Problem to solve.
Count the lines below that contain the word "lowest". Give only the number.

* * * * *

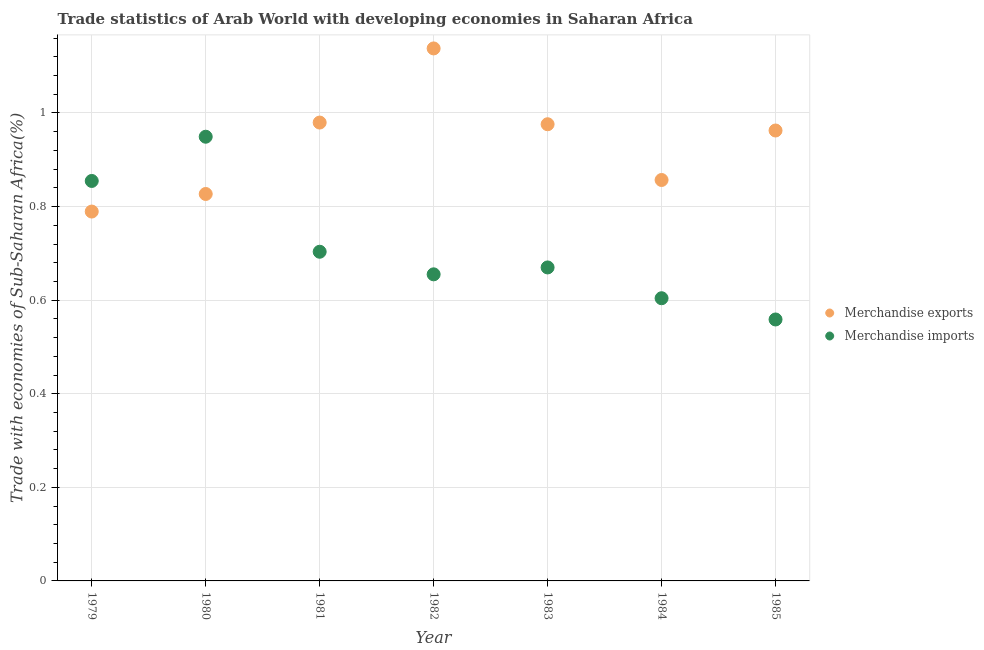How many different coloured dotlines are there?
Provide a succinct answer. 2. Is the number of dotlines equal to the number of legend labels?
Your response must be concise. Yes. What is the merchandise exports in 1981?
Keep it short and to the point. 0.98. Across all years, what is the maximum merchandise exports?
Your answer should be compact. 1.14. Across all years, what is the minimum merchandise exports?
Offer a very short reply. 0.79. In which year was the merchandise exports minimum?
Ensure brevity in your answer.  1979. What is the total merchandise imports in the graph?
Make the answer very short. 5. What is the difference between the merchandise imports in 1980 and that in 1984?
Offer a terse response. 0.35. What is the difference between the merchandise exports in 1985 and the merchandise imports in 1980?
Your answer should be compact. 0.01. What is the average merchandise imports per year?
Your answer should be very brief. 0.71. In the year 1984, what is the difference between the merchandise imports and merchandise exports?
Give a very brief answer. -0.25. In how many years, is the merchandise imports greater than 0.36 %?
Your response must be concise. 7. What is the ratio of the merchandise exports in 1982 to that in 1985?
Keep it short and to the point. 1.18. Is the merchandise imports in 1984 less than that in 1985?
Give a very brief answer. No. What is the difference between the highest and the second highest merchandise imports?
Your response must be concise. 0.09. What is the difference between the highest and the lowest merchandise exports?
Make the answer very short. 0.35. Is the merchandise exports strictly greater than the merchandise imports over the years?
Provide a short and direct response. No. How many years are there in the graph?
Give a very brief answer. 7. Does the graph contain any zero values?
Provide a short and direct response. No. Does the graph contain grids?
Your response must be concise. Yes. Where does the legend appear in the graph?
Keep it short and to the point. Center right. How many legend labels are there?
Provide a short and direct response. 2. What is the title of the graph?
Provide a succinct answer. Trade statistics of Arab World with developing economies in Saharan Africa. What is the label or title of the Y-axis?
Your response must be concise. Trade with economies of Sub-Saharan Africa(%). What is the Trade with economies of Sub-Saharan Africa(%) of Merchandise exports in 1979?
Your response must be concise. 0.79. What is the Trade with economies of Sub-Saharan Africa(%) of Merchandise imports in 1979?
Your response must be concise. 0.85. What is the Trade with economies of Sub-Saharan Africa(%) of Merchandise exports in 1980?
Offer a terse response. 0.83. What is the Trade with economies of Sub-Saharan Africa(%) of Merchandise imports in 1980?
Provide a short and direct response. 0.95. What is the Trade with economies of Sub-Saharan Africa(%) of Merchandise exports in 1981?
Your answer should be compact. 0.98. What is the Trade with economies of Sub-Saharan Africa(%) in Merchandise imports in 1981?
Keep it short and to the point. 0.7. What is the Trade with economies of Sub-Saharan Africa(%) of Merchandise exports in 1982?
Keep it short and to the point. 1.14. What is the Trade with economies of Sub-Saharan Africa(%) of Merchandise imports in 1982?
Provide a short and direct response. 0.66. What is the Trade with economies of Sub-Saharan Africa(%) in Merchandise exports in 1983?
Keep it short and to the point. 0.98. What is the Trade with economies of Sub-Saharan Africa(%) of Merchandise imports in 1983?
Your answer should be very brief. 0.67. What is the Trade with economies of Sub-Saharan Africa(%) in Merchandise exports in 1984?
Offer a very short reply. 0.86. What is the Trade with economies of Sub-Saharan Africa(%) in Merchandise imports in 1984?
Offer a terse response. 0.6. What is the Trade with economies of Sub-Saharan Africa(%) of Merchandise exports in 1985?
Provide a succinct answer. 0.96. What is the Trade with economies of Sub-Saharan Africa(%) of Merchandise imports in 1985?
Provide a succinct answer. 0.56. Across all years, what is the maximum Trade with economies of Sub-Saharan Africa(%) of Merchandise exports?
Your response must be concise. 1.14. Across all years, what is the maximum Trade with economies of Sub-Saharan Africa(%) of Merchandise imports?
Provide a short and direct response. 0.95. Across all years, what is the minimum Trade with economies of Sub-Saharan Africa(%) of Merchandise exports?
Your answer should be compact. 0.79. Across all years, what is the minimum Trade with economies of Sub-Saharan Africa(%) of Merchandise imports?
Give a very brief answer. 0.56. What is the total Trade with economies of Sub-Saharan Africa(%) in Merchandise exports in the graph?
Ensure brevity in your answer.  6.53. What is the total Trade with economies of Sub-Saharan Africa(%) in Merchandise imports in the graph?
Make the answer very short. 5. What is the difference between the Trade with economies of Sub-Saharan Africa(%) of Merchandise exports in 1979 and that in 1980?
Make the answer very short. -0.04. What is the difference between the Trade with economies of Sub-Saharan Africa(%) in Merchandise imports in 1979 and that in 1980?
Offer a very short reply. -0.09. What is the difference between the Trade with economies of Sub-Saharan Africa(%) of Merchandise exports in 1979 and that in 1981?
Offer a very short reply. -0.19. What is the difference between the Trade with economies of Sub-Saharan Africa(%) in Merchandise imports in 1979 and that in 1981?
Ensure brevity in your answer.  0.15. What is the difference between the Trade with economies of Sub-Saharan Africa(%) of Merchandise exports in 1979 and that in 1982?
Your response must be concise. -0.35. What is the difference between the Trade with economies of Sub-Saharan Africa(%) in Merchandise imports in 1979 and that in 1982?
Provide a short and direct response. 0.2. What is the difference between the Trade with economies of Sub-Saharan Africa(%) of Merchandise exports in 1979 and that in 1983?
Make the answer very short. -0.19. What is the difference between the Trade with economies of Sub-Saharan Africa(%) in Merchandise imports in 1979 and that in 1983?
Ensure brevity in your answer.  0.18. What is the difference between the Trade with economies of Sub-Saharan Africa(%) in Merchandise exports in 1979 and that in 1984?
Offer a very short reply. -0.07. What is the difference between the Trade with economies of Sub-Saharan Africa(%) in Merchandise imports in 1979 and that in 1984?
Offer a very short reply. 0.25. What is the difference between the Trade with economies of Sub-Saharan Africa(%) of Merchandise exports in 1979 and that in 1985?
Offer a terse response. -0.17. What is the difference between the Trade with economies of Sub-Saharan Africa(%) in Merchandise imports in 1979 and that in 1985?
Your response must be concise. 0.3. What is the difference between the Trade with economies of Sub-Saharan Africa(%) in Merchandise exports in 1980 and that in 1981?
Give a very brief answer. -0.15. What is the difference between the Trade with economies of Sub-Saharan Africa(%) in Merchandise imports in 1980 and that in 1981?
Offer a very short reply. 0.25. What is the difference between the Trade with economies of Sub-Saharan Africa(%) in Merchandise exports in 1980 and that in 1982?
Make the answer very short. -0.31. What is the difference between the Trade with economies of Sub-Saharan Africa(%) of Merchandise imports in 1980 and that in 1982?
Your response must be concise. 0.29. What is the difference between the Trade with economies of Sub-Saharan Africa(%) of Merchandise exports in 1980 and that in 1983?
Provide a short and direct response. -0.15. What is the difference between the Trade with economies of Sub-Saharan Africa(%) in Merchandise imports in 1980 and that in 1983?
Ensure brevity in your answer.  0.28. What is the difference between the Trade with economies of Sub-Saharan Africa(%) in Merchandise exports in 1980 and that in 1984?
Keep it short and to the point. -0.03. What is the difference between the Trade with economies of Sub-Saharan Africa(%) of Merchandise imports in 1980 and that in 1984?
Give a very brief answer. 0.35. What is the difference between the Trade with economies of Sub-Saharan Africa(%) of Merchandise exports in 1980 and that in 1985?
Keep it short and to the point. -0.14. What is the difference between the Trade with economies of Sub-Saharan Africa(%) of Merchandise imports in 1980 and that in 1985?
Your answer should be very brief. 0.39. What is the difference between the Trade with economies of Sub-Saharan Africa(%) in Merchandise exports in 1981 and that in 1982?
Provide a short and direct response. -0.16. What is the difference between the Trade with economies of Sub-Saharan Africa(%) in Merchandise imports in 1981 and that in 1982?
Give a very brief answer. 0.05. What is the difference between the Trade with economies of Sub-Saharan Africa(%) in Merchandise exports in 1981 and that in 1983?
Provide a succinct answer. 0. What is the difference between the Trade with economies of Sub-Saharan Africa(%) of Merchandise imports in 1981 and that in 1983?
Your response must be concise. 0.03. What is the difference between the Trade with economies of Sub-Saharan Africa(%) in Merchandise exports in 1981 and that in 1984?
Give a very brief answer. 0.12. What is the difference between the Trade with economies of Sub-Saharan Africa(%) in Merchandise imports in 1981 and that in 1984?
Offer a terse response. 0.1. What is the difference between the Trade with economies of Sub-Saharan Africa(%) of Merchandise exports in 1981 and that in 1985?
Your answer should be compact. 0.02. What is the difference between the Trade with economies of Sub-Saharan Africa(%) in Merchandise imports in 1981 and that in 1985?
Give a very brief answer. 0.14. What is the difference between the Trade with economies of Sub-Saharan Africa(%) in Merchandise exports in 1982 and that in 1983?
Keep it short and to the point. 0.16. What is the difference between the Trade with economies of Sub-Saharan Africa(%) in Merchandise imports in 1982 and that in 1983?
Offer a terse response. -0.01. What is the difference between the Trade with economies of Sub-Saharan Africa(%) of Merchandise exports in 1982 and that in 1984?
Keep it short and to the point. 0.28. What is the difference between the Trade with economies of Sub-Saharan Africa(%) of Merchandise imports in 1982 and that in 1984?
Offer a very short reply. 0.05. What is the difference between the Trade with economies of Sub-Saharan Africa(%) in Merchandise exports in 1982 and that in 1985?
Your answer should be very brief. 0.18. What is the difference between the Trade with economies of Sub-Saharan Africa(%) of Merchandise imports in 1982 and that in 1985?
Give a very brief answer. 0.1. What is the difference between the Trade with economies of Sub-Saharan Africa(%) in Merchandise exports in 1983 and that in 1984?
Provide a short and direct response. 0.12. What is the difference between the Trade with economies of Sub-Saharan Africa(%) in Merchandise imports in 1983 and that in 1984?
Your response must be concise. 0.07. What is the difference between the Trade with economies of Sub-Saharan Africa(%) in Merchandise exports in 1983 and that in 1985?
Give a very brief answer. 0.01. What is the difference between the Trade with economies of Sub-Saharan Africa(%) of Merchandise imports in 1983 and that in 1985?
Keep it short and to the point. 0.11. What is the difference between the Trade with economies of Sub-Saharan Africa(%) in Merchandise exports in 1984 and that in 1985?
Offer a terse response. -0.11. What is the difference between the Trade with economies of Sub-Saharan Africa(%) of Merchandise imports in 1984 and that in 1985?
Your answer should be very brief. 0.05. What is the difference between the Trade with economies of Sub-Saharan Africa(%) of Merchandise exports in 1979 and the Trade with economies of Sub-Saharan Africa(%) of Merchandise imports in 1980?
Offer a very short reply. -0.16. What is the difference between the Trade with economies of Sub-Saharan Africa(%) in Merchandise exports in 1979 and the Trade with economies of Sub-Saharan Africa(%) in Merchandise imports in 1981?
Offer a terse response. 0.09. What is the difference between the Trade with economies of Sub-Saharan Africa(%) of Merchandise exports in 1979 and the Trade with economies of Sub-Saharan Africa(%) of Merchandise imports in 1982?
Your response must be concise. 0.13. What is the difference between the Trade with economies of Sub-Saharan Africa(%) of Merchandise exports in 1979 and the Trade with economies of Sub-Saharan Africa(%) of Merchandise imports in 1983?
Provide a succinct answer. 0.12. What is the difference between the Trade with economies of Sub-Saharan Africa(%) of Merchandise exports in 1979 and the Trade with economies of Sub-Saharan Africa(%) of Merchandise imports in 1984?
Ensure brevity in your answer.  0.19. What is the difference between the Trade with economies of Sub-Saharan Africa(%) in Merchandise exports in 1979 and the Trade with economies of Sub-Saharan Africa(%) in Merchandise imports in 1985?
Your answer should be very brief. 0.23. What is the difference between the Trade with economies of Sub-Saharan Africa(%) of Merchandise exports in 1980 and the Trade with economies of Sub-Saharan Africa(%) of Merchandise imports in 1981?
Your answer should be compact. 0.12. What is the difference between the Trade with economies of Sub-Saharan Africa(%) of Merchandise exports in 1980 and the Trade with economies of Sub-Saharan Africa(%) of Merchandise imports in 1982?
Your response must be concise. 0.17. What is the difference between the Trade with economies of Sub-Saharan Africa(%) in Merchandise exports in 1980 and the Trade with economies of Sub-Saharan Africa(%) in Merchandise imports in 1983?
Make the answer very short. 0.16. What is the difference between the Trade with economies of Sub-Saharan Africa(%) of Merchandise exports in 1980 and the Trade with economies of Sub-Saharan Africa(%) of Merchandise imports in 1984?
Ensure brevity in your answer.  0.22. What is the difference between the Trade with economies of Sub-Saharan Africa(%) in Merchandise exports in 1980 and the Trade with economies of Sub-Saharan Africa(%) in Merchandise imports in 1985?
Your answer should be compact. 0.27. What is the difference between the Trade with economies of Sub-Saharan Africa(%) in Merchandise exports in 1981 and the Trade with economies of Sub-Saharan Africa(%) in Merchandise imports in 1982?
Offer a terse response. 0.32. What is the difference between the Trade with economies of Sub-Saharan Africa(%) in Merchandise exports in 1981 and the Trade with economies of Sub-Saharan Africa(%) in Merchandise imports in 1983?
Provide a short and direct response. 0.31. What is the difference between the Trade with economies of Sub-Saharan Africa(%) in Merchandise exports in 1981 and the Trade with economies of Sub-Saharan Africa(%) in Merchandise imports in 1984?
Your response must be concise. 0.38. What is the difference between the Trade with economies of Sub-Saharan Africa(%) of Merchandise exports in 1981 and the Trade with economies of Sub-Saharan Africa(%) of Merchandise imports in 1985?
Keep it short and to the point. 0.42. What is the difference between the Trade with economies of Sub-Saharan Africa(%) of Merchandise exports in 1982 and the Trade with economies of Sub-Saharan Africa(%) of Merchandise imports in 1983?
Give a very brief answer. 0.47. What is the difference between the Trade with economies of Sub-Saharan Africa(%) in Merchandise exports in 1982 and the Trade with economies of Sub-Saharan Africa(%) in Merchandise imports in 1984?
Ensure brevity in your answer.  0.53. What is the difference between the Trade with economies of Sub-Saharan Africa(%) in Merchandise exports in 1982 and the Trade with economies of Sub-Saharan Africa(%) in Merchandise imports in 1985?
Your answer should be very brief. 0.58. What is the difference between the Trade with economies of Sub-Saharan Africa(%) in Merchandise exports in 1983 and the Trade with economies of Sub-Saharan Africa(%) in Merchandise imports in 1984?
Keep it short and to the point. 0.37. What is the difference between the Trade with economies of Sub-Saharan Africa(%) in Merchandise exports in 1983 and the Trade with economies of Sub-Saharan Africa(%) in Merchandise imports in 1985?
Your answer should be compact. 0.42. What is the difference between the Trade with economies of Sub-Saharan Africa(%) in Merchandise exports in 1984 and the Trade with economies of Sub-Saharan Africa(%) in Merchandise imports in 1985?
Your response must be concise. 0.3. What is the average Trade with economies of Sub-Saharan Africa(%) in Merchandise exports per year?
Your response must be concise. 0.93. What is the average Trade with economies of Sub-Saharan Africa(%) of Merchandise imports per year?
Your answer should be very brief. 0.71. In the year 1979, what is the difference between the Trade with economies of Sub-Saharan Africa(%) in Merchandise exports and Trade with economies of Sub-Saharan Africa(%) in Merchandise imports?
Offer a very short reply. -0.07. In the year 1980, what is the difference between the Trade with economies of Sub-Saharan Africa(%) in Merchandise exports and Trade with economies of Sub-Saharan Africa(%) in Merchandise imports?
Make the answer very short. -0.12. In the year 1981, what is the difference between the Trade with economies of Sub-Saharan Africa(%) in Merchandise exports and Trade with economies of Sub-Saharan Africa(%) in Merchandise imports?
Give a very brief answer. 0.28. In the year 1982, what is the difference between the Trade with economies of Sub-Saharan Africa(%) in Merchandise exports and Trade with economies of Sub-Saharan Africa(%) in Merchandise imports?
Provide a short and direct response. 0.48. In the year 1983, what is the difference between the Trade with economies of Sub-Saharan Africa(%) of Merchandise exports and Trade with economies of Sub-Saharan Africa(%) of Merchandise imports?
Offer a terse response. 0.31. In the year 1984, what is the difference between the Trade with economies of Sub-Saharan Africa(%) in Merchandise exports and Trade with economies of Sub-Saharan Africa(%) in Merchandise imports?
Your answer should be compact. 0.25. In the year 1985, what is the difference between the Trade with economies of Sub-Saharan Africa(%) of Merchandise exports and Trade with economies of Sub-Saharan Africa(%) of Merchandise imports?
Make the answer very short. 0.4. What is the ratio of the Trade with economies of Sub-Saharan Africa(%) in Merchandise exports in 1979 to that in 1980?
Your answer should be very brief. 0.95. What is the ratio of the Trade with economies of Sub-Saharan Africa(%) in Merchandise imports in 1979 to that in 1980?
Your answer should be compact. 0.9. What is the ratio of the Trade with economies of Sub-Saharan Africa(%) in Merchandise exports in 1979 to that in 1981?
Offer a terse response. 0.81. What is the ratio of the Trade with economies of Sub-Saharan Africa(%) of Merchandise imports in 1979 to that in 1981?
Your answer should be compact. 1.22. What is the ratio of the Trade with economies of Sub-Saharan Africa(%) in Merchandise exports in 1979 to that in 1982?
Keep it short and to the point. 0.69. What is the ratio of the Trade with economies of Sub-Saharan Africa(%) of Merchandise imports in 1979 to that in 1982?
Offer a terse response. 1.3. What is the ratio of the Trade with economies of Sub-Saharan Africa(%) in Merchandise exports in 1979 to that in 1983?
Ensure brevity in your answer.  0.81. What is the ratio of the Trade with economies of Sub-Saharan Africa(%) of Merchandise imports in 1979 to that in 1983?
Make the answer very short. 1.28. What is the ratio of the Trade with economies of Sub-Saharan Africa(%) of Merchandise exports in 1979 to that in 1984?
Your answer should be very brief. 0.92. What is the ratio of the Trade with economies of Sub-Saharan Africa(%) of Merchandise imports in 1979 to that in 1984?
Ensure brevity in your answer.  1.41. What is the ratio of the Trade with economies of Sub-Saharan Africa(%) in Merchandise exports in 1979 to that in 1985?
Give a very brief answer. 0.82. What is the ratio of the Trade with economies of Sub-Saharan Africa(%) in Merchandise imports in 1979 to that in 1985?
Provide a short and direct response. 1.53. What is the ratio of the Trade with economies of Sub-Saharan Africa(%) of Merchandise exports in 1980 to that in 1981?
Your response must be concise. 0.84. What is the ratio of the Trade with economies of Sub-Saharan Africa(%) of Merchandise imports in 1980 to that in 1981?
Offer a terse response. 1.35. What is the ratio of the Trade with economies of Sub-Saharan Africa(%) of Merchandise exports in 1980 to that in 1982?
Provide a short and direct response. 0.73. What is the ratio of the Trade with economies of Sub-Saharan Africa(%) in Merchandise imports in 1980 to that in 1982?
Ensure brevity in your answer.  1.45. What is the ratio of the Trade with economies of Sub-Saharan Africa(%) of Merchandise exports in 1980 to that in 1983?
Provide a short and direct response. 0.85. What is the ratio of the Trade with economies of Sub-Saharan Africa(%) in Merchandise imports in 1980 to that in 1983?
Your answer should be very brief. 1.42. What is the ratio of the Trade with economies of Sub-Saharan Africa(%) of Merchandise exports in 1980 to that in 1984?
Make the answer very short. 0.97. What is the ratio of the Trade with economies of Sub-Saharan Africa(%) of Merchandise imports in 1980 to that in 1984?
Offer a very short reply. 1.57. What is the ratio of the Trade with economies of Sub-Saharan Africa(%) in Merchandise exports in 1980 to that in 1985?
Your answer should be very brief. 0.86. What is the ratio of the Trade with economies of Sub-Saharan Africa(%) of Merchandise imports in 1980 to that in 1985?
Offer a very short reply. 1.7. What is the ratio of the Trade with economies of Sub-Saharan Africa(%) of Merchandise exports in 1981 to that in 1982?
Offer a terse response. 0.86. What is the ratio of the Trade with economies of Sub-Saharan Africa(%) in Merchandise imports in 1981 to that in 1982?
Keep it short and to the point. 1.07. What is the ratio of the Trade with economies of Sub-Saharan Africa(%) of Merchandise exports in 1981 to that in 1983?
Ensure brevity in your answer.  1. What is the ratio of the Trade with economies of Sub-Saharan Africa(%) in Merchandise imports in 1981 to that in 1983?
Offer a terse response. 1.05. What is the ratio of the Trade with economies of Sub-Saharan Africa(%) in Merchandise exports in 1981 to that in 1984?
Your answer should be compact. 1.14. What is the ratio of the Trade with economies of Sub-Saharan Africa(%) of Merchandise imports in 1981 to that in 1984?
Offer a terse response. 1.16. What is the ratio of the Trade with economies of Sub-Saharan Africa(%) in Merchandise exports in 1981 to that in 1985?
Your response must be concise. 1.02. What is the ratio of the Trade with economies of Sub-Saharan Africa(%) in Merchandise imports in 1981 to that in 1985?
Offer a very short reply. 1.26. What is the ratio of the Trade with economies of Sub-Saharan Africa(%) in Merchandise exports in 1982 to that in 1983?
Ensure brevity in your answer.  1.17. What is the ratio of the Trade with economies of Sub-Saharan Africa(%) in Merchandise imports in 1982 to that in 1983?
Make the answer very short. 0.98. What is the ratio of the Trade with economies of Sub-Saharan Africa(%) in Merchandise exports in 1982 to that in 1984?
Your response must be concise. 1.33. What is the ratio of the Trade with economies of Sub-Saharan Africa(%) of Merchandise imports in 1982 to that in 1984?
Provide a short and direct response. 1.08. What is the ratio of the Trade with economies of Sub-Saharan Africa(%) of Merchandise exports in 1982 to that in 1985?
Provide a succinct answer. 1.18. What is the ratio of the Trade with economies of Sub-Saharan Africa(%) in Merchandise imports in 1982 to that in 1985?
Offer a terse response. 1.17. What is the ratio of the Trade with economies of Sub-Saharan Africa(%) of Merchandise exports in 1983 to that in 1984?
Ensure brevity in your answer.  1.14. What is the ratio of the Trade with economies of Sub-Saharan Africa(%) in Merchandise imports in 1983 to that in 1984?
Make the answer very short. 1.11. What is the ratio of the Trade with economies of Sub-Saharan Africa(%) of Merchandise exports in 1983 to that in 1985?
Ensure brevity in your answer.  1.01. What is the ratio of the Trade with economies of Sub-Saharan Africa(%) of Merchandise imports in 1983 to that in 1985?
Your response must be concise. 1.2. What is the ratio of the Trade with economies of Sub-Saharan Africa(%) in Merchandise exports in 1984 to that in 1985?
Offer a very short reply. 0.89. What is the ratio of the Trade with economies of Sub-Saharan Africa(%) in Merchandise imports in 1984 to that in 1985?
Ensure brevity in your answer.  1.08. What is the difference between the highest and the second highest Trade with economies of Sub-Saharan Africa(%) of Merchandise exports?
Your response must be concise. 0.16. What is the difference between the highest and the second highest Trade with economies of Sub-Saharan Africa(%) in Merchandise imports?
Your answer should be very brief. 0.09. What is the difference between the highest and the lowest Trade with economies of Sub-Saharan Africa(%) of Merchandise exports?
Keep it short and to the point. 0.35. What is the difference between the highest and the lowest Trade with economies of Sub-Saharan Africa(%) in Merchandise imports?
Offer a very short reply. 0.39. 
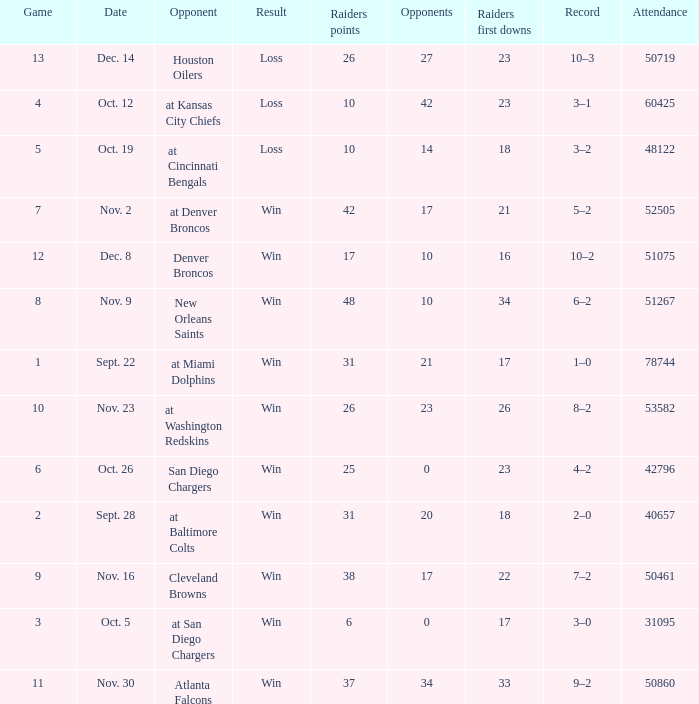How many different counts of the Raiders first downs are there for the game number 9? 1.0.

* * * * *

Output below.
3